Betty Boothroyd, Britain’s First Female House of Commons Speaker, Dies at 93


Betty Boothroyd, the first female speaker of Britain’s House of Commons, who commanded over proceedings with wit and gravitas, died on Sunday. She was 93.

Her death was confirmed by Lindsay Hoyle, the current speaker, who did not specify a cause or say where she died. The Associated Press said she died at a hospital in Cambridge, England.

When Ms. Boothroyd was named speaker as a member of the opposition Labour Party in 1992, there were just 60 women in the 651-member House of Commons. There was a barber for men in the basement of the House, but no hairdresser for women.

She served until 2000 and was responsible for corralling the jeering, cackling members, often with repeated shouts of “Order, order,” leading her to be frequently compared to a school principal. Her performance turned Prime Minister’s Questions, the weekly political spectacle in which lawmakers needle their opponents, into captivating television, even for audiences watching abroad.

Ms. Boothroyd “broke that glass ceiling with panache,” Mr. Hoyle said in a statement on Monday. He called her a “sharp, witty and formidable woman,” adding that she had a no-nonsense style “but any reprimands she did issue were done with good humor and charm.”

Ms. Boothroyd, an only child, was born on Oct. 8, 1929, to Ben Archibald Boothroyd and Mary Butterfield. Her parents worked in a woolen mill in Dewsbury, a town southwest of Leeds. She left school at 16 to become a dancer.

She moved to London and worked as a member of the Tiller Girls dance troupe, the equivalent of the Rockettes, before getting involved in politics. She started her political career in the 1950s as an assistant to members of Parliament in the Labour Party and lost two elections before moving to the United States to work on John F. Kennedy’s presidential campaign.
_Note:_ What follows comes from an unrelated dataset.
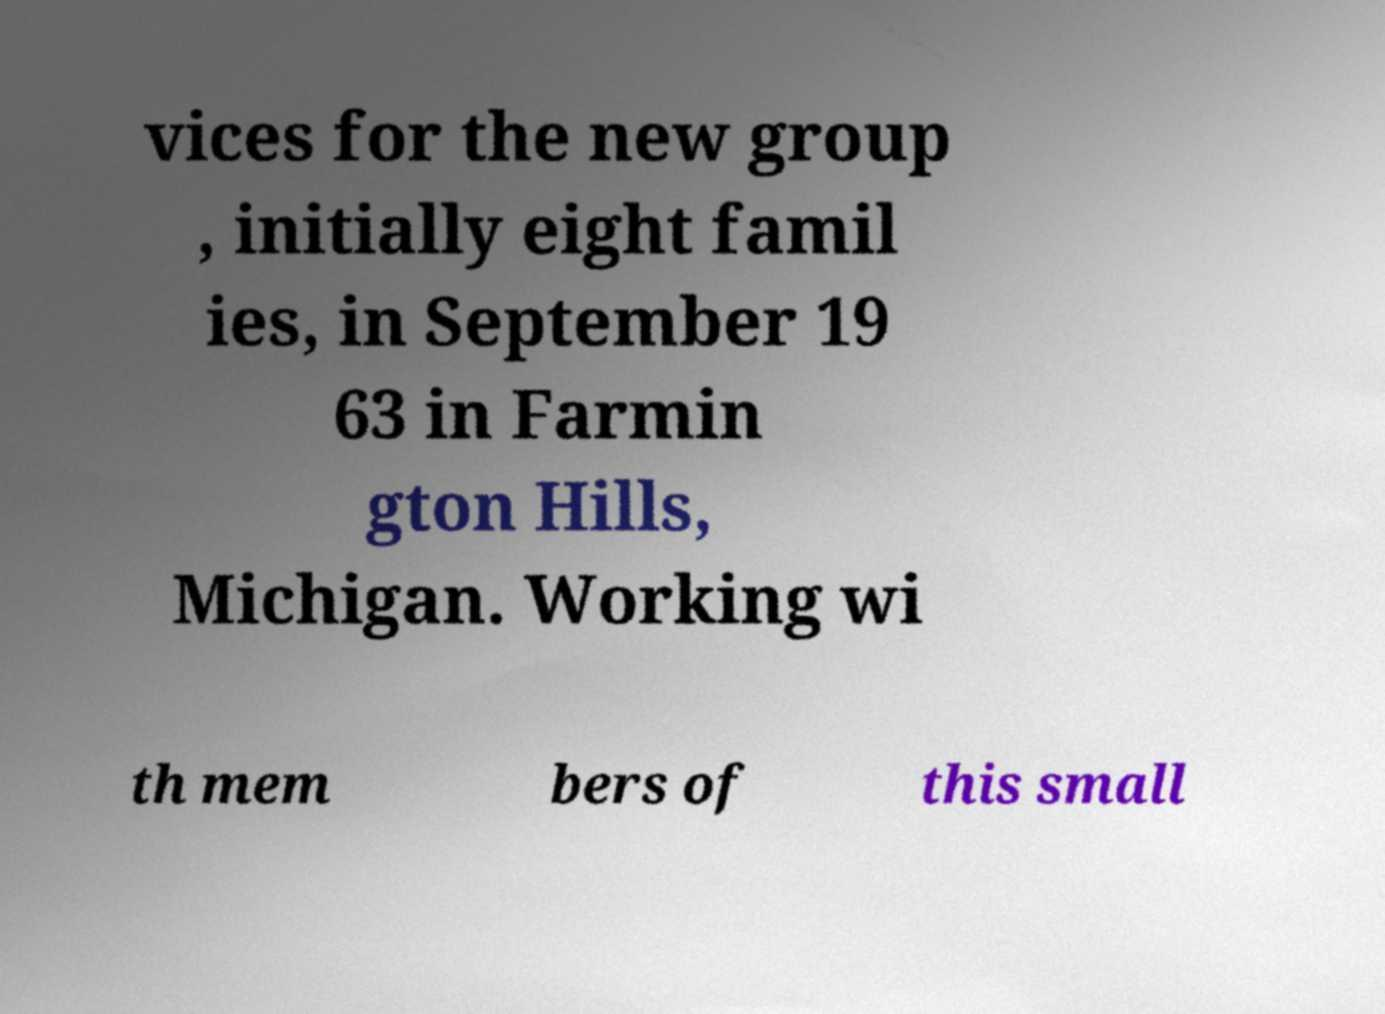Can you read and provide the text displayed in the image?This photo seems to have some interesting text. Can you extract and type it out for me? vices for the new group , initially eight famil ies, in September 19 63 in Farmin gton Hills, Michigan. Working wi th mem bers of this small

Ms. Boothroyd won her first election to Parliament in 1973. She became especially popular in her later role as speaker, earning a reputation for fairness and impartiality. She did away with the tradition of speakers wearing a white wig, and she instructed the members to “call me Madam.”

In 1993, The Times noted her skills for navigating an unruly body of lawmakers.

“Like the conductor of some cacophonous orchestra, she seems to know just when to give way and when to pull in tight, tolerating the antics of a runaway flutist with good humor but banging her gavel and intoning ‘Order! Order!’ in the broad flat vowels of her native Yorkshire when the brass and percussion sections fall into open brawl,” The Times said.